The corresponding shows the confirmation of electric current and torque responsiveness during times of inverter failure as one example of control validation. This simulation is conducted with JMAG-RT using MATLAB/Simulink. Motor vibration when connected to gears and inverters is also confirmed.

#18 ECU control test

ECU control tests are carried out to validate system quality. Unexpected conditions are also implemented for assumed test cases to confirm that there have been no omissions or insufficiencies. Motor responsiveness is confirmed when IGBT is both opened and closed, and during both low temperatures and high temperatures, whereas HILs is used for safe tests and automation. These are conducted using highly accurate plant models generated from JMAG-RT.

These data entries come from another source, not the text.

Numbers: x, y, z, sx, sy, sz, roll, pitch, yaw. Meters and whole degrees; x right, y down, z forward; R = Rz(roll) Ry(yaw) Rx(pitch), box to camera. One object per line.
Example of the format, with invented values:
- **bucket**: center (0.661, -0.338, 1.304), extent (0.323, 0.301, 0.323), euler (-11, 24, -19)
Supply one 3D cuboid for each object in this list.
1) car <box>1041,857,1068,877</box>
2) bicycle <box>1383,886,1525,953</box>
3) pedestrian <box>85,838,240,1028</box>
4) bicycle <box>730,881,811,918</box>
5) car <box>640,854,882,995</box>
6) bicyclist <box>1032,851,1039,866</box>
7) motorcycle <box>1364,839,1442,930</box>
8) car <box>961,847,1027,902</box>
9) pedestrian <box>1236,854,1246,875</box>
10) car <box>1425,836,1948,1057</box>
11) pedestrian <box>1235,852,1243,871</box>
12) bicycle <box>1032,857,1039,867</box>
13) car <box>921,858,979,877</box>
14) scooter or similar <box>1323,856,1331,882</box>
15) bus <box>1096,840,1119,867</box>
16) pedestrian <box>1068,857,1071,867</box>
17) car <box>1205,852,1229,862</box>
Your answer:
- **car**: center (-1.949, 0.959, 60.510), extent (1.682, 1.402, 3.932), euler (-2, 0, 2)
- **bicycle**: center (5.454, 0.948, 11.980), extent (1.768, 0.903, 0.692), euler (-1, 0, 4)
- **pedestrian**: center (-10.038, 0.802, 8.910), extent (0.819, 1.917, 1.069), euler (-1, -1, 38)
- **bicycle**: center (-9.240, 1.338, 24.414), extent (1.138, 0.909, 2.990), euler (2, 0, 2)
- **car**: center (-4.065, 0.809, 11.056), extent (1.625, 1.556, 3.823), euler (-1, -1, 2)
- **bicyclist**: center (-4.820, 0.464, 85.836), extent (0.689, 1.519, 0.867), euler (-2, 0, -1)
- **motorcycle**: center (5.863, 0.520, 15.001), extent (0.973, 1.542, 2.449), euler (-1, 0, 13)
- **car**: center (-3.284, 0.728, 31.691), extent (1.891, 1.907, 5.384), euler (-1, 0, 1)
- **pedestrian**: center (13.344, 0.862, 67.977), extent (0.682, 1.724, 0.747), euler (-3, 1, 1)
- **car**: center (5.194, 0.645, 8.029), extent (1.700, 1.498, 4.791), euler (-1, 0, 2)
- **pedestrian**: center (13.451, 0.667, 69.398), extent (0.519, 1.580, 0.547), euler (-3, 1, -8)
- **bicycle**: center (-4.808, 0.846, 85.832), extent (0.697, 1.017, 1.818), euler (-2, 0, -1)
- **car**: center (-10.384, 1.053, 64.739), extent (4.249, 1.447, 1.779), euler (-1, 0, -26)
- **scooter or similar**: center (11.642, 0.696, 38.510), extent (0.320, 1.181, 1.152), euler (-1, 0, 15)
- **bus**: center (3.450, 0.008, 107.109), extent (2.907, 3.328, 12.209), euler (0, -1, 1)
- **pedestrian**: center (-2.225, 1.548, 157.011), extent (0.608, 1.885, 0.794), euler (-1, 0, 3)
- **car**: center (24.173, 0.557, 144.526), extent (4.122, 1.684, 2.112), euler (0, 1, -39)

Fig. 18 display typical test items and test results where JMAG-RT and Simulink are used, confirming that there is no current overflow due to simulated IGBT failure when either permanently opened or closed. Testing during real machine failure is both dangerous and comes at an additional cost, but Model-Based Development make safe and effective tests entirely possible. Motor behaviour each time a high torque of 170Nm is applied during run time is the next item to be confirmed. The inverter maximum current (250A) does not cause conflict even with a load of 170Nm for a single second, and it was confirmed that speed quickly returned to the command value. The command value could be followed without delays even when changing the temperature. This confirmed that no problems had occurred.

A plant model generated from JMAG-RT is used here for simulations. For JMAG-RT models to reproduce magnetic saturation and spatial harmonics in detail, motor behaviour is recreated equal to that of a real machine. This includes recreating unstable drive conditions. JMAG-RT models can additionally use various HILs as-is.

Fig. 18 Typical test items and test results for ECU control.Fig. 18 Typical test items and test results for ECU control.